Studi: Diare dan Muntah Gejala Covid-19 Krusial pada Anak
TEMPO.CO | 23/09/2020 08:45
Sejumlah anak-anak menggunakan masker saat mengikuti upacara sebelum mengikuti pelajaran di dalam kelas saat tahun ajaran baru dimulai di tengah pandemi  Covid-19 di Damaskus, Suriah, 13 September 2020.  REUTERS/Yamam Al Shaar
Sejumlah anak-anak menggunakan masker saat mengikuti upacara sebelum mengikuti pelajaran di dalam kelas saat tahun ajaran baru dimulai di tengah pandemi Covid-19 di Damaskus, Suriah, 13 September 2020. REUTERS/Yamam Al Shaar

TEMPO.CO, Beijing - Gangguan pada perut seperti diare dan muntah-muntah berpotensi menjadi gejala Covid-19 yang krusial di kalangan anak-anak dan harus ditambahkan ke dalam kriteria pengujian virus tersebut, yang umumnya saat ini meliputi demam, batuk serta kehilangan indera penciuman atau perasa, ungkap sebuah studi terbaru dari Queen's University di Belfast.
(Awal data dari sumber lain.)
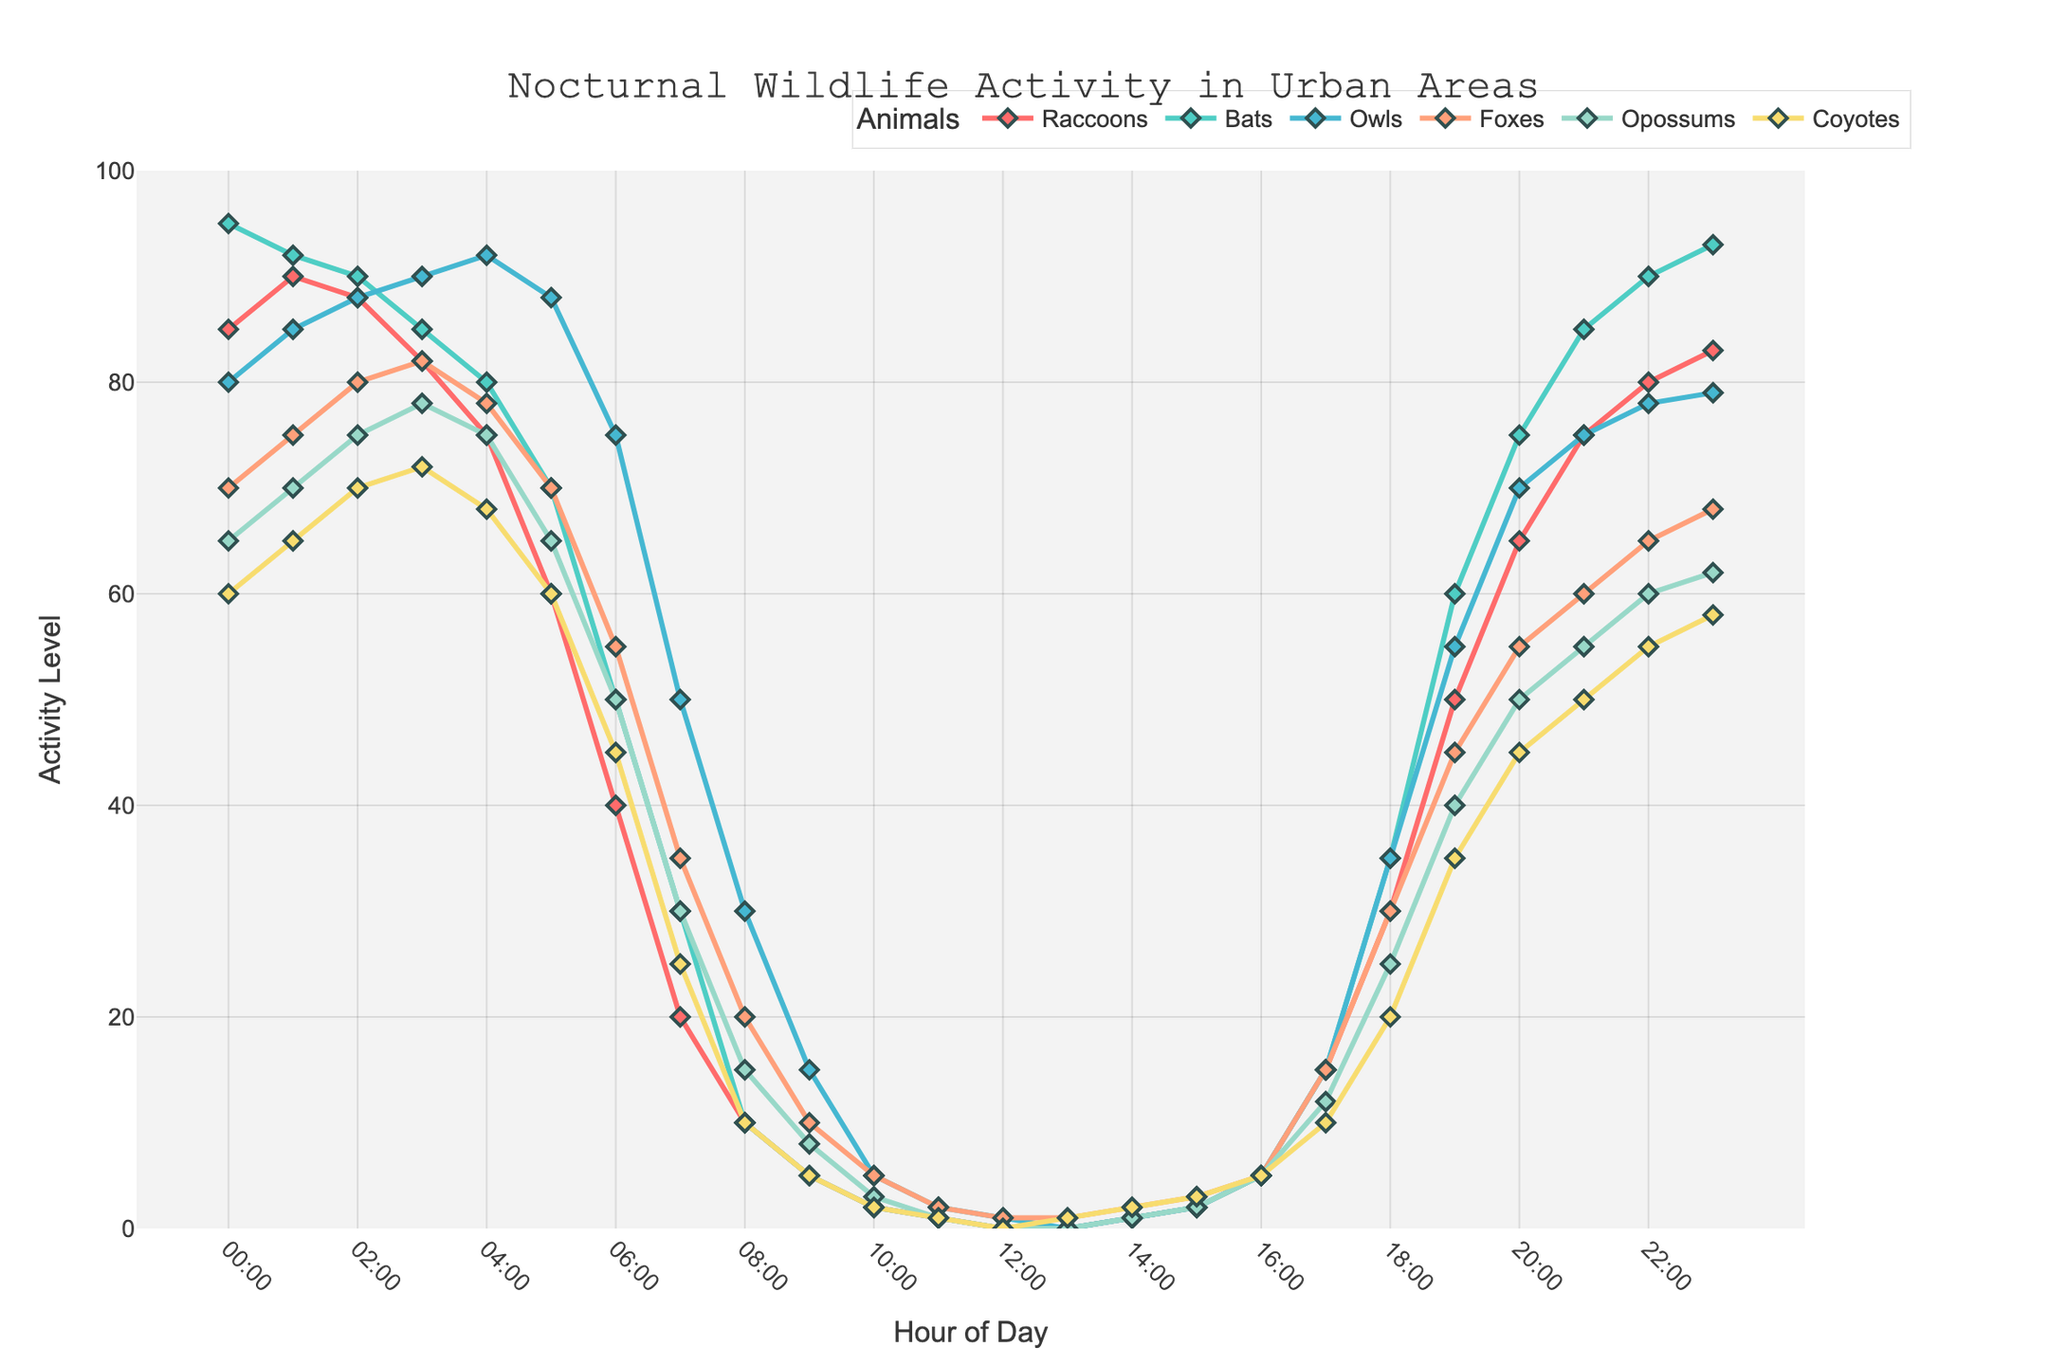Which animal shows the highest activity level at 2:00 AM? From the figure, identify the points of activity levels for all animals at 2:00 AM. Compare these values. Bats show the highest activity level of 90 at 2:00 AM.
Answer: Bats At what time does the activity level of raccoons start to increase after their lowest point? Look at the activity pattern of raccoons and identify the lowest point. Raccoons hit their lowest activity point at 12:00 PM and start to increase at 1:00 PM.
Answer: 1:00 PM Which two animals have the most similar activity patterns between 10:00 PM and 2:00 AM? Examine the activity levels of all animals between 10:00 PM and 2:00 AM and find those with the closest values at each hour. Bats and Raccoons have the most similar activity patterns in this time frame.
Answer: Bats and Raccoons At 5:00 AM, what is the difference in activity levels between coyotes and raccoons? Check the activity levels for coyotes and raccoons at 5:00 AM, then subtract the smaller value from the larger one. Coyotes' activity is 60 and raccoons' is 60 at 5:00 AM, so the difference is 60 - 60 = 0.
Answer: 0 What is the average activity level of owls between midnight (00:00) and 4:00 AM? Add the activity levels of owls at 00:00, 01:00, 02:00, 03:00, and 04:00, then divide by the number of data points (5). The values are 80, 85, 88, 90, 92, and their sum is 435. Dividing by 5 gives an average of 87.
Answer: 87 Which animal has the lowest activity level at noon (12:00 PM)? Check the activity levels recorded at 12:00 PM for all animals and find the one with the lowest value. Raccoons, Bats, Opossums, and Coyotes all have the lowest activity level of 0 at 12:00 PM.
Answer: Raccoons, Bats, Opossums, Coyotes At 10:00 PM, which animal has the second-highest activity level? First, identify the activity levels of all animals at 10:00 PM, then sort these values to find the second-highest one. Owls have the highest with 78, Bats come next with 90.
Answer: Bats

Studi tersebut, yang melibatkan 992 anak sehat berusia antara 2-15 tahun di seluruh Inggris, menguji antibodi Covid-19 mereka dan mengumpulkan data terkait gejala-gejala yang mereka derita.
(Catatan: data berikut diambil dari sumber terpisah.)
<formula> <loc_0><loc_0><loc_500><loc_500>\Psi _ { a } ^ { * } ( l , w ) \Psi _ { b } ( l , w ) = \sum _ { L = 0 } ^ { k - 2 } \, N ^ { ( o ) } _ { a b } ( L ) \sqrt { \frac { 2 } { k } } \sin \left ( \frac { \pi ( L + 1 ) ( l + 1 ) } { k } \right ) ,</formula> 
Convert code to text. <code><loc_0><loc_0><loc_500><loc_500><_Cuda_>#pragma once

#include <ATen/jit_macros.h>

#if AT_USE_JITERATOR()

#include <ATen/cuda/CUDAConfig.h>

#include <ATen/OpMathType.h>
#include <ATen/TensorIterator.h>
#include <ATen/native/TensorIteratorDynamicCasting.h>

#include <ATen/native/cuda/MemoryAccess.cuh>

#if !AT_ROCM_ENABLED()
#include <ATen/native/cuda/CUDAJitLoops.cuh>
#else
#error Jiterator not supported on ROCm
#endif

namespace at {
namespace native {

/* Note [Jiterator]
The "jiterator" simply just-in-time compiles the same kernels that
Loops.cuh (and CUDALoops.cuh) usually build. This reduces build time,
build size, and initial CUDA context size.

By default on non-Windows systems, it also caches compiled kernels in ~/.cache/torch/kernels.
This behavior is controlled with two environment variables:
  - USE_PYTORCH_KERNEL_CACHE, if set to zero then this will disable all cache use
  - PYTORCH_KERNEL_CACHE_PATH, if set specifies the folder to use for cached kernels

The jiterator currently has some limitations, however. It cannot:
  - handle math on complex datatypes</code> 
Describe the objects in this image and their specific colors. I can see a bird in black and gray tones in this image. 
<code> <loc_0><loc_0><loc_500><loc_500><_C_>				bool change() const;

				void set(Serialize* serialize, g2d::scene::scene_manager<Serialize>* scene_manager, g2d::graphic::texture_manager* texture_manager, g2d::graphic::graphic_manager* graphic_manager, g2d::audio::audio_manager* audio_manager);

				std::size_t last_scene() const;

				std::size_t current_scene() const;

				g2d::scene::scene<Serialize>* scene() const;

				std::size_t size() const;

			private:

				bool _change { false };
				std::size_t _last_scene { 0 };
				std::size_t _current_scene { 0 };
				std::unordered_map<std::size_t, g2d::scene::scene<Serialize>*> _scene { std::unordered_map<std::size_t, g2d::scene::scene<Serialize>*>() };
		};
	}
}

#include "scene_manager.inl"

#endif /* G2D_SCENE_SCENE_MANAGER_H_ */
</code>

Hasilnya menemukan bahwa hampir tujuh persen dari jumlah anak-anak itu teruji positif antibodi Covid-19, yang mengindikasikan bahwa mereka telah terinfeksi sebelumnya meski hanya separuh di antaranya yang menunjukkan gejala.

Di antara semua gejala yang berbeda, demam menjadi gejala yang paling sering diderita dan mencakup 31 persen dari seluruh anak-anak yang terinfeksi Covid-19.

Gejala paling umum kedua adalah gangguan yang berkaitan dengan pencernaan atau gastrointestinal, seperti diare, muntah-muntah, dan kram perut, dengan 13 anak menunjukkan gejala ini, mewakili 19 persen dari jumlah anak-anak yang tertular virus tersebut.

"Gangguan gastrointestinal menjadi gejala Covid-19 yang relatif umum diderita anak-anak, dan menambahkan gangguan itu ke dalam daftar gejala (Covid-19) dapat memicu pengujian pada anak-anak yang akan meningkatkan jumlah penemuan kasus," papar studi itu.

Thomas Waterfield, penulis utama studi tersebut, mengatakan kepada British Medical Journal bahwa masyarakat harus waspada dengan anak-anak yang menunjukkan masalah di perut. "Mereka harus sembuh dari gejala gastrointestinal dalam 48 jam sebelum kembali bersekolah untuk membantu mengurangi potensi penyebaran virus."